Biasa dipanggil Andy. Pernah tinggal lama di Makassar dan sekarang di Mataram, Lombok. Ngeblog sejak 2007. Senang kulineran, staycation, kopdaran di cafe, browsing produk di toko online tapi gak beli, dan tentu saja...senang menulis :) Bisa dikontak di andyhardiyanti@gmail.com

6 Comments

  • iqbal mby
    iqbal mby 19 June 2026 at 8:12 pm

    apah family

    Reply
  • tanti amelia
    tanti amelia 20 June 2026 at 7:33 am

    Mbaaaak! Gimana sih rasanya tinggal di pulau yang menjadi destinasi wisata! Sungguh aku going left banget deh!

    Baca tulisan tentang Pantai Klui ini rasanya adem banget, seperti ikut duduk di tepi pantainya sambil menikmati angin laut yang pelan-pelan nyapu semua penat dan semuaaa foto-fotonya cantik estetik!

    Aku suka cara kamu mendeskripsikan suasananya, bukan cuma soal cantiknya pantai, tapi juga ketenangan yang ditawarkan tempat ini. Justru itu yang bikin Pantai Klui terasa spesial: nggak terlalu ramai, alami, dan punya vibes damai yang bikin orang betah berlama-lama. Pemandangan laut biru, bukit hijau, plus sunset-nya kebayang cantik banget

    Setelah baca ini, aku jadi paham kenapa banyak orang jatuh hati sama Pantai Klui (insya Allah sampe sana aamiiin) kadang yang kita cari dari liburan memang bukan sekadar destinasi populer, tapi tempat yang bisa bikin hati ikut tenang dan recharge energi lagi

    Reply
  • Annie Nugraha
    Annie Nugraha 20 June 2026 at 8:19 am

    Saya sampai sekarang dendam kesumat pengen ke Lombok. Ya ampun semoga Allah kabulkan sebelum berkalang tanah. Padahal sudah entah berapa kali dapat undangan meliput ke Lombok tapi ada aja yang membatalkan.

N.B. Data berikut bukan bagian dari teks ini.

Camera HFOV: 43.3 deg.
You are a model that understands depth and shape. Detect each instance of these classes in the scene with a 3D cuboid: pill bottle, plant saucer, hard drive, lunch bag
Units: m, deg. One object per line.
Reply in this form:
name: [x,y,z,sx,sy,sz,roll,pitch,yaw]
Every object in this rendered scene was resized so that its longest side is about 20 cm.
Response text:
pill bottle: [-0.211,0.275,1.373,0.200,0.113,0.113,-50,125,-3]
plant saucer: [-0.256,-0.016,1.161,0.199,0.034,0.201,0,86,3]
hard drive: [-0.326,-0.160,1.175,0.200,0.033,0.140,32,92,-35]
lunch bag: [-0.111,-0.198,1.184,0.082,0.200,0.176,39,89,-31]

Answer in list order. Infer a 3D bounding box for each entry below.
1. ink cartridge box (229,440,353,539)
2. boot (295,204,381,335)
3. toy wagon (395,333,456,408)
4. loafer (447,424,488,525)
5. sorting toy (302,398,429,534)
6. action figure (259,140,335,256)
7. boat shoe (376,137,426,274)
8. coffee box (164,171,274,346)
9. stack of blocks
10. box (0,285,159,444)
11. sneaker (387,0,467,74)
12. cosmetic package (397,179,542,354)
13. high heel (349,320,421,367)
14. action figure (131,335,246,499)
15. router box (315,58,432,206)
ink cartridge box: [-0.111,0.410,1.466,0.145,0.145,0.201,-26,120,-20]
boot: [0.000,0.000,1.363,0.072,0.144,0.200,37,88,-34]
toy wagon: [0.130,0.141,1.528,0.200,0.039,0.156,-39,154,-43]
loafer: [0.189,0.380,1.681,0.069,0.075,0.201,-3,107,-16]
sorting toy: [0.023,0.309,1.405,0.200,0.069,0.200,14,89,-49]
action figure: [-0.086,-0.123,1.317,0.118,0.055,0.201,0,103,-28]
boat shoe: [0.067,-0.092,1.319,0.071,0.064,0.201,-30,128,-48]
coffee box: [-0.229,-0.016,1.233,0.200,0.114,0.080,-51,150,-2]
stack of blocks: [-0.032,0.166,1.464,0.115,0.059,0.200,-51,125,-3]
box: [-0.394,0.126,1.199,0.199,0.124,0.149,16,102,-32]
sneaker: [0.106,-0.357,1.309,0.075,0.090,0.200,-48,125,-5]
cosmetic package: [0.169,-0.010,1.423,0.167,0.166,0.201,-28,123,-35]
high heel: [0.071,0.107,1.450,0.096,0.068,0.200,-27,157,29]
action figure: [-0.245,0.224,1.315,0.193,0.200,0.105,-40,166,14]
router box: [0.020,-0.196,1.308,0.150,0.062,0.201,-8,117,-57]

    Inget nama KLUI saya mendadak ingat KRUI nya Lampung. Wajah wisatanya sama persis kalau lihat foto-fotonya Mbak Andy. Pantai lapang dengan pohon kelapa menjulang dan estetik buat difoto. Sunsetnya juga sama persis. Ini kalau direkam atau difoto pake kamera profesional pasti jadinya jauh lebih cakep. Warna jingganya lebih muncul. MasyaAllah.

    Fasilitasnya juga ramah pengunjung ya Mbak. Landai dan kita bisa camping dadakan sendiri. Jadi terasa costless.

    Reply
  • Guritno Adi
    Guritno Adi 20 June 2026 at 2:28 pm

    Luar biasa, indah sekali ya mbak Pantai KLUI. Jauh banget dibanding dengan Kenjeran Surabaya, mbak.

    Reply
  • Yuni Bint Saniro
    Yuni Bint Saniro 20 June 2026 at 2:32 pm

    Berasa kayak gambar pemandangan jaman sekolah dulu nggak sih. Versi yang bagusnya tapi ya. Mempesona banget kak

    Reply
  • Maria G Soemitro
    Maria G Soemitro 20 June 2026 at 4:06 pm

    Pantai mana pun di Lombok, bagus semua ya?
    Saya jadi penasaran, apakah mulai tercemar sampah seperti di Bali?
    Karena baca tulisan di atas, wisatawan bisa jajan popmie, nah sampahnya dibuang ke mana nih?
    Semoga pantai di Lombok selalu terjaga keasriannya ya?